1. The Family Game (1983)
Yoshimitsu Morita, the prolific Japanese filmmaker who died only a year ago, wrote and directed his best-known film The Family Game in 1983. A dark comedy about the vicious pressures of traditional family life and the educational system, the film balances commentary with slapstick and wit with droll tenderness. Yûsaku Matsuda is a “blandly arrogant” tutor (perfect phrasing via Vincent Canby’s contemporaneous review) hired to academically shape up Ichirôta Miyakawa, but he ends up building his student up into his own man with consequences for the family unit as well as his school life. Actor and film director Jûzô Itami, a more morally-ambiguous version of whose cultural satires The Family Game resembles, plays the domineering if ultimately ineffectual father.

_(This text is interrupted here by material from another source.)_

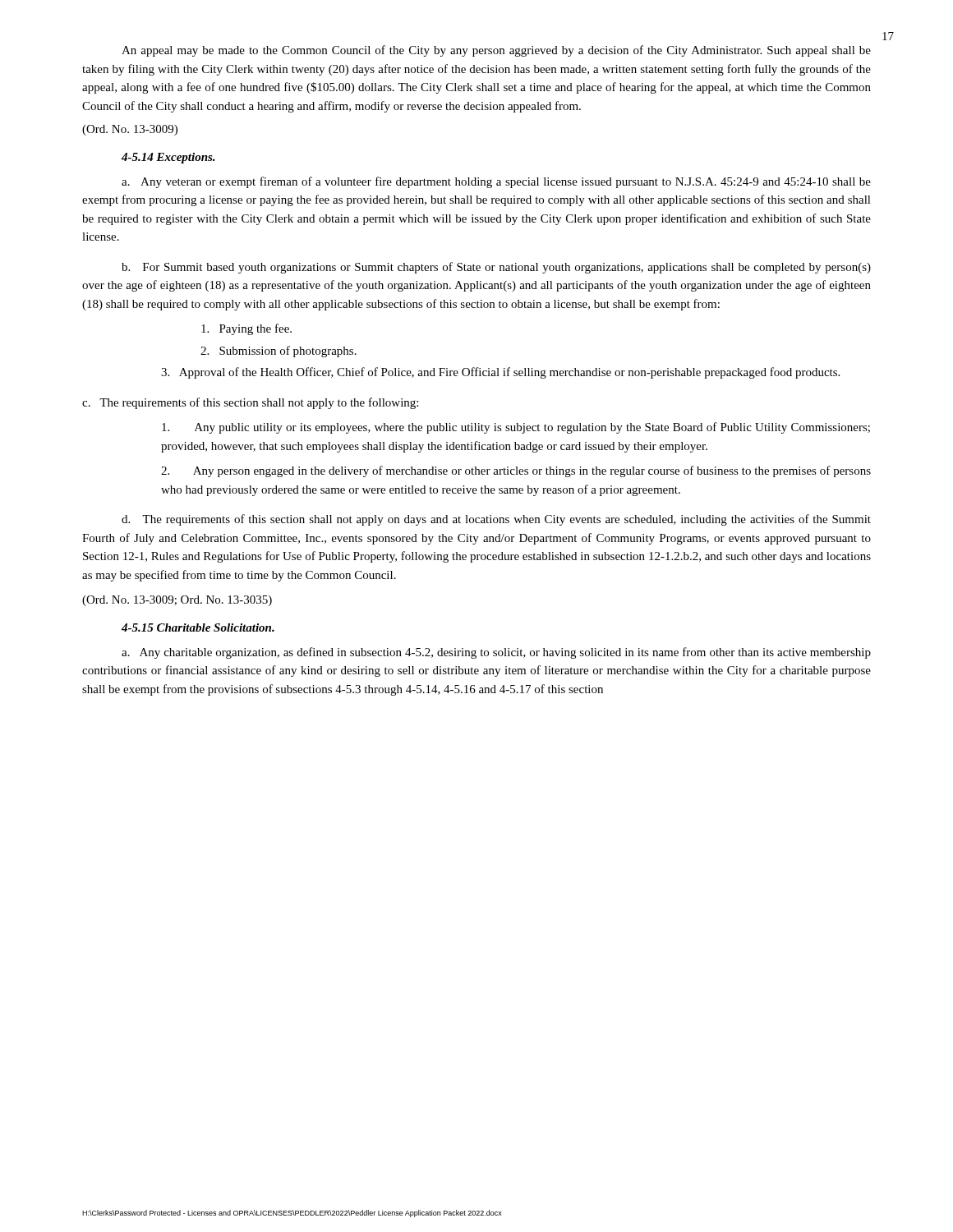Viewport: 953px width, 1232px height.
Task: Find "(Ord. No. 13-3009; Ord. No. 13-3035)" on this page
Action: pos(177,601)
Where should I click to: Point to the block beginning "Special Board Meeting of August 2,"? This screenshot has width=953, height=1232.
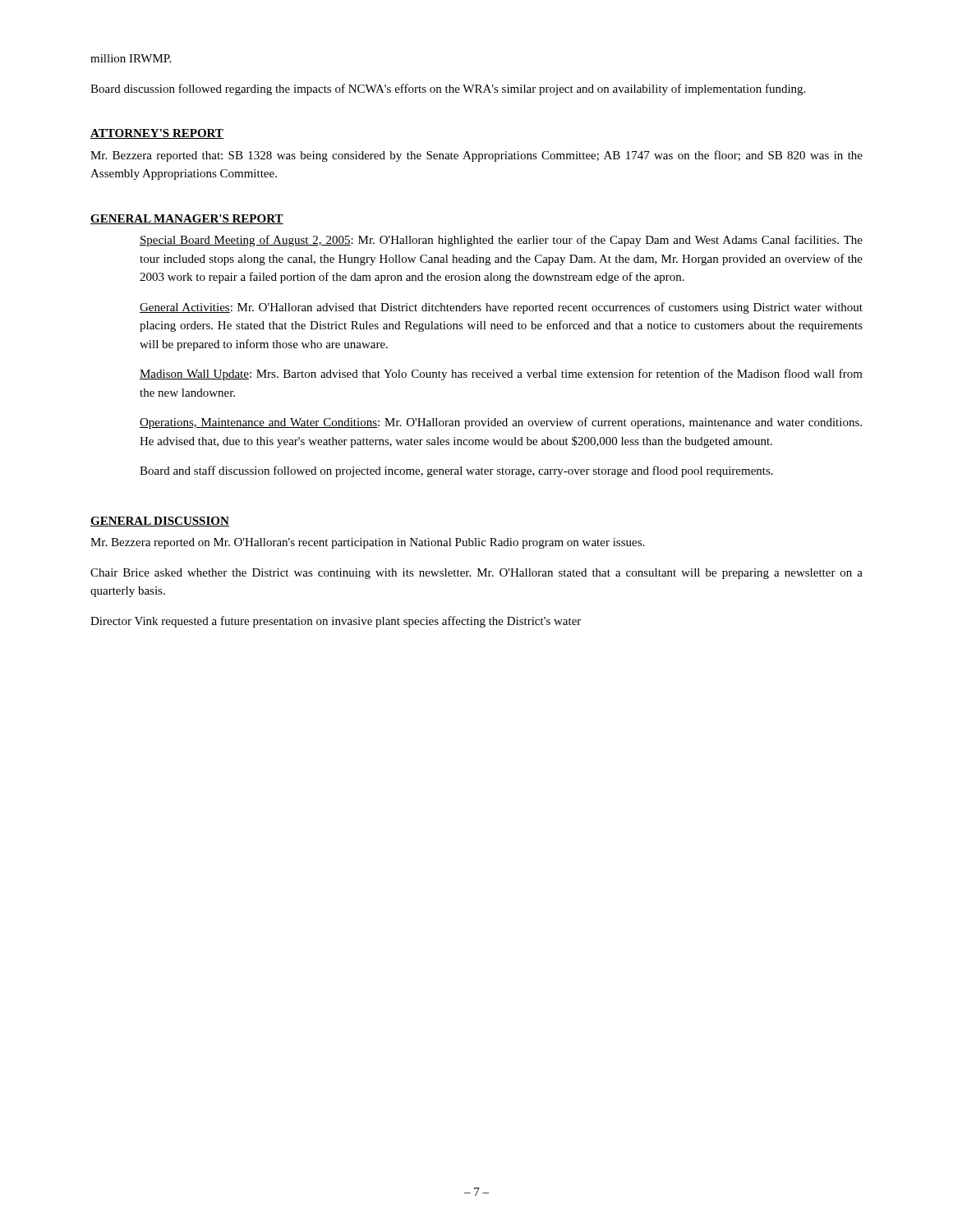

Morita stages much of the memorable verbal and emotional clashes between characters in deadpan frontal shots, foregoing naturalism for incredibly funny tableaux of simmering violence. Everything comes to a head in the terrific penultimate shot, a “Last Supper”-like reprise of an earlier scene of the entire family plus the tutor having dinner on one side of the dining table that slowly, inexorably devolves with pent-up rage at the whole lot of modern industrial society.